Output from a schema analysing EU Parliament speeches on migration

Schema results showing extracted fields from parliamentary speeches
Each speech gets analysed for the same fields: position summary, security stance (1-10), location mentions, talking point topics, migration attitude, governance focus, rhetoric style. The schema defines what to extract - the AI does the extraction. With structured output, you can filter, compare, and visualise. Which speakers emphasise humanitarian concerns vs. security? How does rhetoric differ by country? That’s the point.

The schema that was used to extract the data

Schema

Building a Schema

Start with your actual questions. What do you want to know about your documents?
  • What positions are being taken?
  • How is the issue framed?
  • Who’s mentioned, and in what context?
  • What’s the emotional temperature?
Then turn each question into an extraction field.
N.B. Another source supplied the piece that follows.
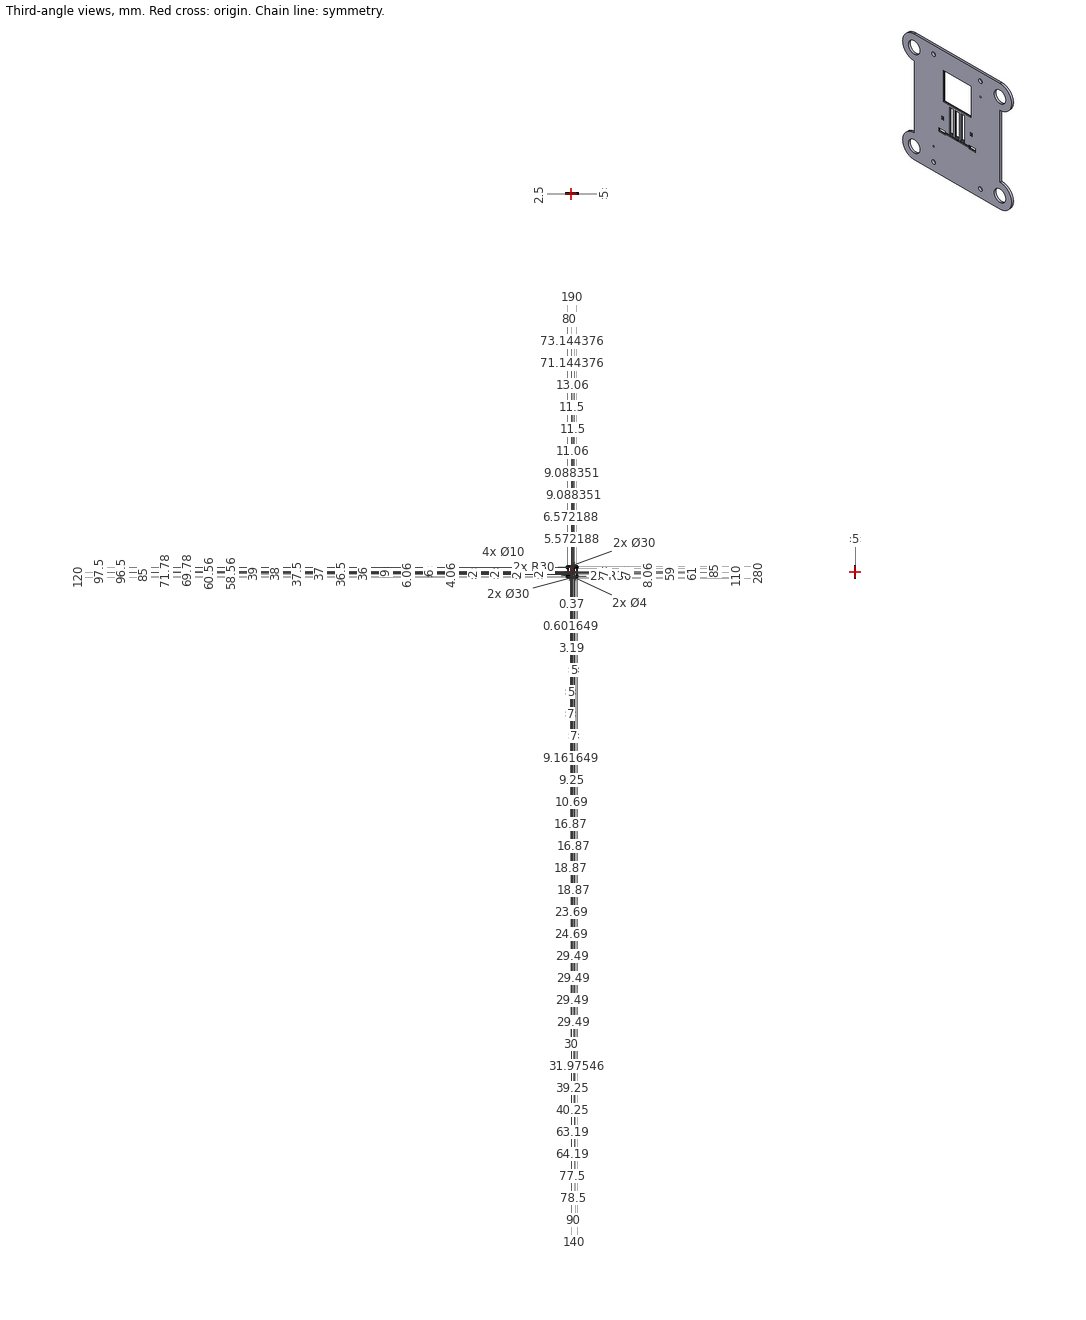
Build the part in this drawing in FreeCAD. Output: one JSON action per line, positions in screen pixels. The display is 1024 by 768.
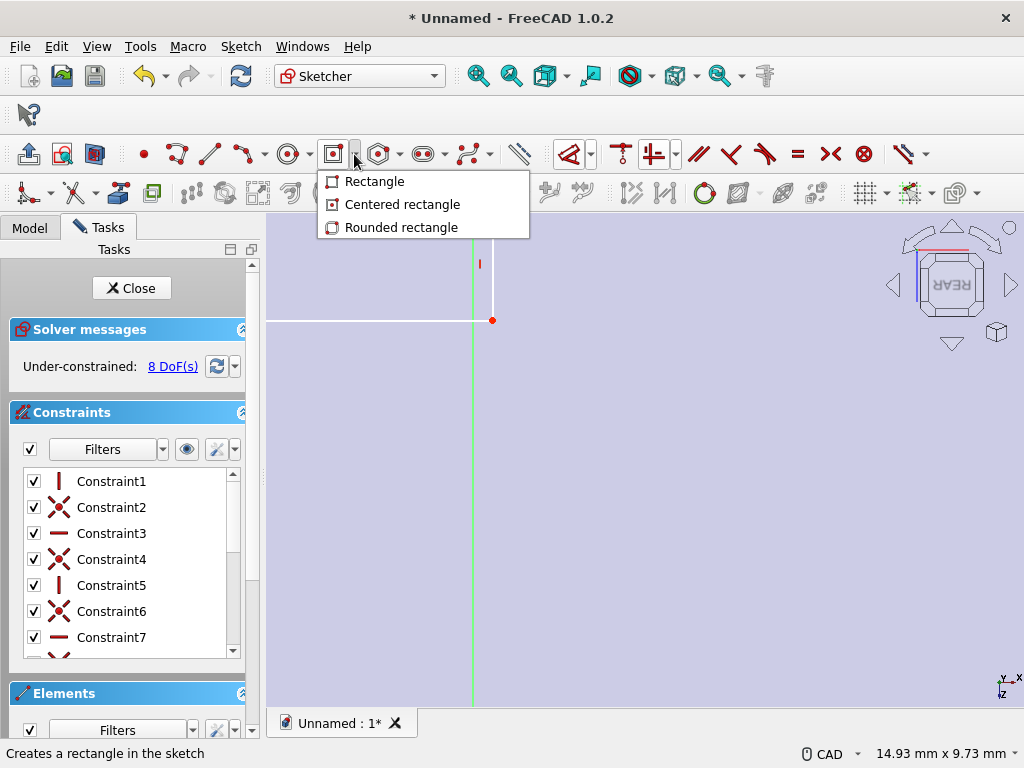
{"action": "left_click", "coordinate": [424, 182]}

Good Instructions vs. Vague Instructions

The difference between useful output and noise is specificity.

security_stance

Type: Number (1-10)
Extract: Position on border security. 1 = open borders, 10 = strict enforcement

talking_point_topics

Type: List
Extract: Main topics discussed - migration policy, demographic change, EU solidarity, public services, etc.
Clear scales, concrete categories, examples of valid values.

Field Types

TypeUse forExample
StringFreeform text, summaries, answers, categoriessummary: "Speaker argues for..."
NumberRatings, scales, counts, amountssecurity_stance: 7
ListMultiple values, tags, topicstopics: ["migration", "EU solidarity"]
Binary fields for filtering: It’s often useful to include 0/1 or yes/no fields for filtering results. Something like is_spam: 0 or is_relevant: 1 lets you quickly filter out noise in dashboards.

Special Field Names

Certain field names unlock specific features when you view results:
Field nameWhat it enablesHow to prompt
locationGeographic maps - locations get geocoded and plottedAsk for single most relevant location or region relevant
timestampTime series charts - combine with number fields to track changes over timeAsk for a ISO timestamp of the article’s main event or publication date
summaryHighlighted in result views as the main descriptionAsk for a summary with your preferred style and length
tagsCounted and aggregated across resultsEither freeform or just from a few given tags
It is always good to provide a fallback choice like “None” or “Unapplicable”.
Other list fields also get counted automatically. If you extract talking_point_topics as a list, you’ll see frequency distributions in dashboards. Numbers with defined scales (1-10, 1-5) work well for comparative analysis - they enable meaningful aggregation and time series when combined with timestamps.

Tips

Include examples in your instructions. “Source type: government, activist, expert, journalist, or anonymous” gives the AI a bounded set to work with. Use scales for subjective measures. “Emotional intensity (1-10)” is more useful than “how emotional is it?” because you can aggregate and compare. Start simple, then add. Begin with basic extraction (who, what, where), confirm it works, then layer in analysis fields (sentiment, framing, stance). Look at failures. When extraction is wrong or inconsistent, the instructions usually need tightening. What did the AI misunderstand?

Sharing Schemas

Schemas can be uploaded to the library for others to use. They can see your methodology, critique it, replicate it, build on it. Transparency about how analysis is done matters - it’s what separates systematic research from vibes.